**Excerpted records**
========================================

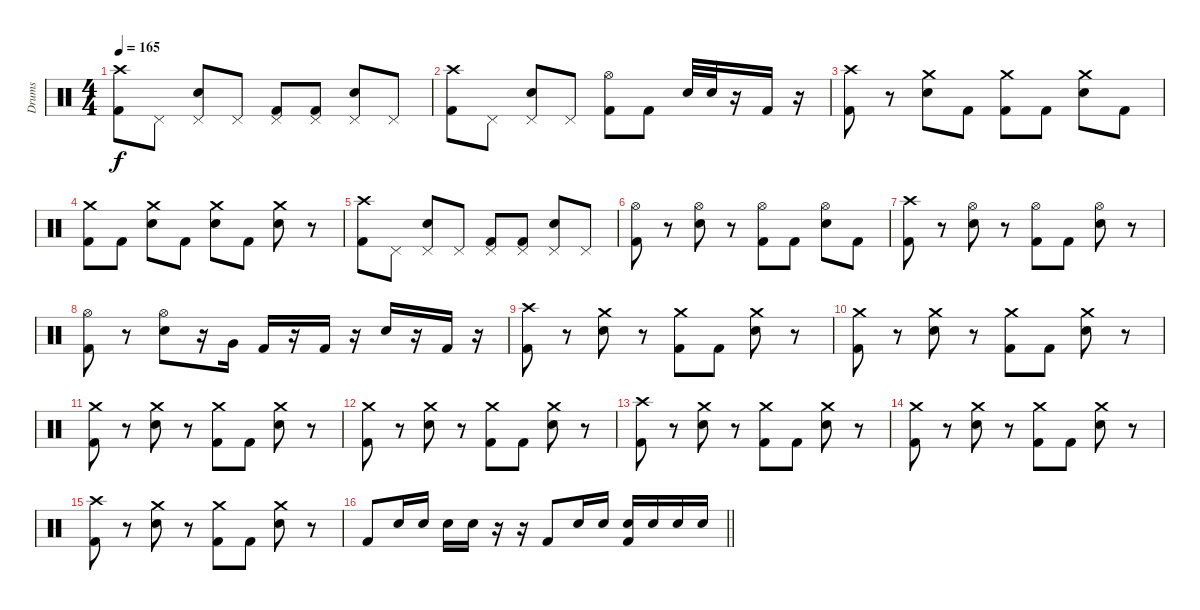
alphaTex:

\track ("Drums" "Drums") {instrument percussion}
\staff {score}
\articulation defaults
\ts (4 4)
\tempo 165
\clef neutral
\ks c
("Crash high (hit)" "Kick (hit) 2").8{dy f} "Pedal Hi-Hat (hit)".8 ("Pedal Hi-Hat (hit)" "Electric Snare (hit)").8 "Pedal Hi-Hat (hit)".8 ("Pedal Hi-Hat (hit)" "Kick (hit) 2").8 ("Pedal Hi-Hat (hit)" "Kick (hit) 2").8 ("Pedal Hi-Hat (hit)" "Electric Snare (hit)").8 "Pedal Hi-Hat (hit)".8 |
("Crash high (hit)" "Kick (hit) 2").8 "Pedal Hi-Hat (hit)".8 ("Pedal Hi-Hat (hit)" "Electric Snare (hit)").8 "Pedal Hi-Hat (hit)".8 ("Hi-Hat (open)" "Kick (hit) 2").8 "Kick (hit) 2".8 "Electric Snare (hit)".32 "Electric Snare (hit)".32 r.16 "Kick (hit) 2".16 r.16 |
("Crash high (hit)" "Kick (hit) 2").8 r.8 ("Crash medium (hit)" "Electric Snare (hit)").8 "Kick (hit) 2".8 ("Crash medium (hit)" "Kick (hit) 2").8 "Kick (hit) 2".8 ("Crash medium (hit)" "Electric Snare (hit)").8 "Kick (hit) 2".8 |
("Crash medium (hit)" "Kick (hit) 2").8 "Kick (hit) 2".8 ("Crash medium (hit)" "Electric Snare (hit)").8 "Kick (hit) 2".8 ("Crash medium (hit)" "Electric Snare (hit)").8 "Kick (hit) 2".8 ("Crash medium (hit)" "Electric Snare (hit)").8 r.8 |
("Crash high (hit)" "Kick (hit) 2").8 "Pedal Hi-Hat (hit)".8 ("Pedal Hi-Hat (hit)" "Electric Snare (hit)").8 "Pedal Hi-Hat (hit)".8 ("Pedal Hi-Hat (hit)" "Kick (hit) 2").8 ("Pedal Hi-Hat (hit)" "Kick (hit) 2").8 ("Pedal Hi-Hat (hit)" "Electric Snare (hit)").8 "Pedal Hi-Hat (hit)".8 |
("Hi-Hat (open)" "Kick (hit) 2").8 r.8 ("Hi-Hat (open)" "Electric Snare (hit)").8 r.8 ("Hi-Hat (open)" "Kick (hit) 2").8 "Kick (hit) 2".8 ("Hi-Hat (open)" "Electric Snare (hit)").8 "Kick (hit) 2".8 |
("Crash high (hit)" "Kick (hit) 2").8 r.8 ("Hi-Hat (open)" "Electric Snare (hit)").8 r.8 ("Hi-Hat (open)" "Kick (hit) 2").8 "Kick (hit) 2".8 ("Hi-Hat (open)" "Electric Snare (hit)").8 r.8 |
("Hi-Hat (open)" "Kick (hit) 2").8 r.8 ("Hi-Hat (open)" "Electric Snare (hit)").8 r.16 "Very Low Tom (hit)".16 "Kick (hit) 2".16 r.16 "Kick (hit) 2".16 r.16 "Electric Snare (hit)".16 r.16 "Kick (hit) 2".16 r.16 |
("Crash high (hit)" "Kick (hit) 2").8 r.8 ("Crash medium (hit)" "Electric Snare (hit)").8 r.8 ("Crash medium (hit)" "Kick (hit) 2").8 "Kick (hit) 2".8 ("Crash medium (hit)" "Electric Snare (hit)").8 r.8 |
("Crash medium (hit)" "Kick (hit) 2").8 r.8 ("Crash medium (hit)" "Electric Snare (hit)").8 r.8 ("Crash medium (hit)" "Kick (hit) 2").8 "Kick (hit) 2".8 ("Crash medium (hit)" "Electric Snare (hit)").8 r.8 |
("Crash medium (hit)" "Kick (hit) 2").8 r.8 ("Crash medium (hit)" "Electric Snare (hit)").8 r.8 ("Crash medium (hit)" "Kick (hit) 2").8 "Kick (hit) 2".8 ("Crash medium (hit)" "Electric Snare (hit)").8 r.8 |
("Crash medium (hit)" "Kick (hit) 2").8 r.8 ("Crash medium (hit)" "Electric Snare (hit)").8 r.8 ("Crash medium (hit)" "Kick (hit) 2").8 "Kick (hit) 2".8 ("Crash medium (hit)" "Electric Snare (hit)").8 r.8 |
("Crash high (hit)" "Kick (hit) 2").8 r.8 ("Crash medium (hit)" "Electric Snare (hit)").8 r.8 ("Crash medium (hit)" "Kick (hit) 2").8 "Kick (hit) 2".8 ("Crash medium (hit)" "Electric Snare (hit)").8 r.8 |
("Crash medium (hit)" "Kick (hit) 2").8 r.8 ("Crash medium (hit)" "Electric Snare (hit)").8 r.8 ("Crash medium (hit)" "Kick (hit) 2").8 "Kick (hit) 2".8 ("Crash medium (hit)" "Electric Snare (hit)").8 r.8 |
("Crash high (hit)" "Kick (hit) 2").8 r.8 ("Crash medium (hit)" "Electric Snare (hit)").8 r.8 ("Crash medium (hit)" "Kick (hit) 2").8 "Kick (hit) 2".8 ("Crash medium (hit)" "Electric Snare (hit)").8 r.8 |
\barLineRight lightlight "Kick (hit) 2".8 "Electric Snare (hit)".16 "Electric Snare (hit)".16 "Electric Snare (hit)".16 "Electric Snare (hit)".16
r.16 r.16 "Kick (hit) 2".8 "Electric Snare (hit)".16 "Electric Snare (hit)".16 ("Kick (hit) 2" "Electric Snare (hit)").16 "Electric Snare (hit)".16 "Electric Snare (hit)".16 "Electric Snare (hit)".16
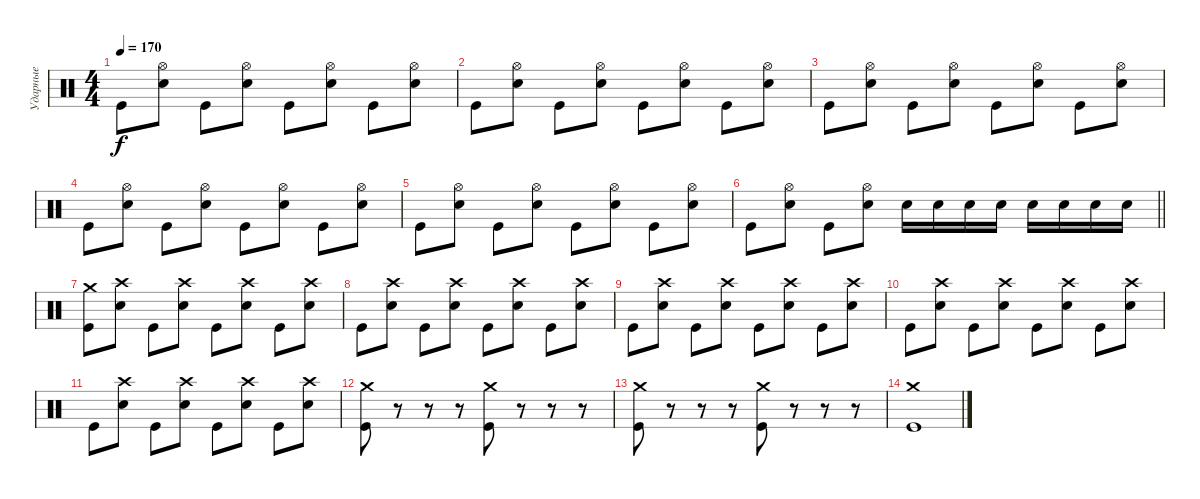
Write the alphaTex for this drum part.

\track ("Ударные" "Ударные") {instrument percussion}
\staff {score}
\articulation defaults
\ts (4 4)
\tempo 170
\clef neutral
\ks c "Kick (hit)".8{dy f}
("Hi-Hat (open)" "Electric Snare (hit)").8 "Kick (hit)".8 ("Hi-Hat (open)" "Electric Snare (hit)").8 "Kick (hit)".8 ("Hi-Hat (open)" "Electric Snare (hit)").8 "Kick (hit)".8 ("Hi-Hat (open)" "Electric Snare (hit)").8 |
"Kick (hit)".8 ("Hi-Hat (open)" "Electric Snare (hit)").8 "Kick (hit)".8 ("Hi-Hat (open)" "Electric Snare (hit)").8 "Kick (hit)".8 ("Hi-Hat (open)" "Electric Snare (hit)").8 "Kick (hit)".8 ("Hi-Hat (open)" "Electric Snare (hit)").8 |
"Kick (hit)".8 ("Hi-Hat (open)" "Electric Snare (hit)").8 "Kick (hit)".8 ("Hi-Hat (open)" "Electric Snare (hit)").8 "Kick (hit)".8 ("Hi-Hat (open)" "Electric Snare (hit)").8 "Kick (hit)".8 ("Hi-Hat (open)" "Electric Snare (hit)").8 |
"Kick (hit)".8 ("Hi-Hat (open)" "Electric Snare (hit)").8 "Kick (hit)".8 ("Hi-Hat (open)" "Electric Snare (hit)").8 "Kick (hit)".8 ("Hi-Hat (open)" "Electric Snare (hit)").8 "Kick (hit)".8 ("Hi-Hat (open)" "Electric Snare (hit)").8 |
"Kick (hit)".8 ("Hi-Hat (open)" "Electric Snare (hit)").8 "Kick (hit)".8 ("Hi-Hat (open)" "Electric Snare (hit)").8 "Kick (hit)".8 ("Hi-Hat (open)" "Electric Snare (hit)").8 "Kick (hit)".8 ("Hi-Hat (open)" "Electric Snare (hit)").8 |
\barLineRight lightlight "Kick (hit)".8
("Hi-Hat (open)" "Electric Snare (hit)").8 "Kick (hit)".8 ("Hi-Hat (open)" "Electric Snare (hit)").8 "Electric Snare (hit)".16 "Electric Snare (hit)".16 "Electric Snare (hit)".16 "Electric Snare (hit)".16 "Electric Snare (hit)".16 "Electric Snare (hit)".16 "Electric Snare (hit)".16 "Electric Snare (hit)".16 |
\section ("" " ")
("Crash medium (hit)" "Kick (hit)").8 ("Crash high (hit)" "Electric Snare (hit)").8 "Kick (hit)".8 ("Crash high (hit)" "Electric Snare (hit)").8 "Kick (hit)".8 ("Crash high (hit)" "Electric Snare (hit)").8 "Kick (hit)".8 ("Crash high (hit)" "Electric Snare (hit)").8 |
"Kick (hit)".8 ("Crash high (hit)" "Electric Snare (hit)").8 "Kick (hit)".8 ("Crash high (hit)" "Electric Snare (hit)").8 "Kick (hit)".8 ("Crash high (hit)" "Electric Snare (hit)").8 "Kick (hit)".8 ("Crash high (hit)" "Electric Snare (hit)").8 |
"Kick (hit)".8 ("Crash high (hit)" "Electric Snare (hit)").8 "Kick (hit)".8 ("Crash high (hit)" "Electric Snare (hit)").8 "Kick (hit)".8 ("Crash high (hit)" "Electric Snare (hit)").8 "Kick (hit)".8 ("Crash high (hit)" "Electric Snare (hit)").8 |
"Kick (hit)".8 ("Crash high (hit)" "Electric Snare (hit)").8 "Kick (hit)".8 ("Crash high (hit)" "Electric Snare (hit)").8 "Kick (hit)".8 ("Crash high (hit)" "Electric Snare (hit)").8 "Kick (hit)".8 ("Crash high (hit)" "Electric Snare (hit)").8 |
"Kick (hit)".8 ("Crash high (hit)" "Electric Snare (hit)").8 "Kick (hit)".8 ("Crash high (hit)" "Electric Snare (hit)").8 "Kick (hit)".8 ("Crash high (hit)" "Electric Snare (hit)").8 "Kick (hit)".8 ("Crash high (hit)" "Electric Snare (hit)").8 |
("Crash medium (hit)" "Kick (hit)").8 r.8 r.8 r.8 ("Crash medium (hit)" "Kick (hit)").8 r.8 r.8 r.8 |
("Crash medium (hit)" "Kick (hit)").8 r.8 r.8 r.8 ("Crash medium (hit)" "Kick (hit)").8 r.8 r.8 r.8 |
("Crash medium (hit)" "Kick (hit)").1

========================================

**Work to be completed**
The number of lines in the entries holding the word "barLineRight" is what is needed. Supply that number only.

**Solution**
2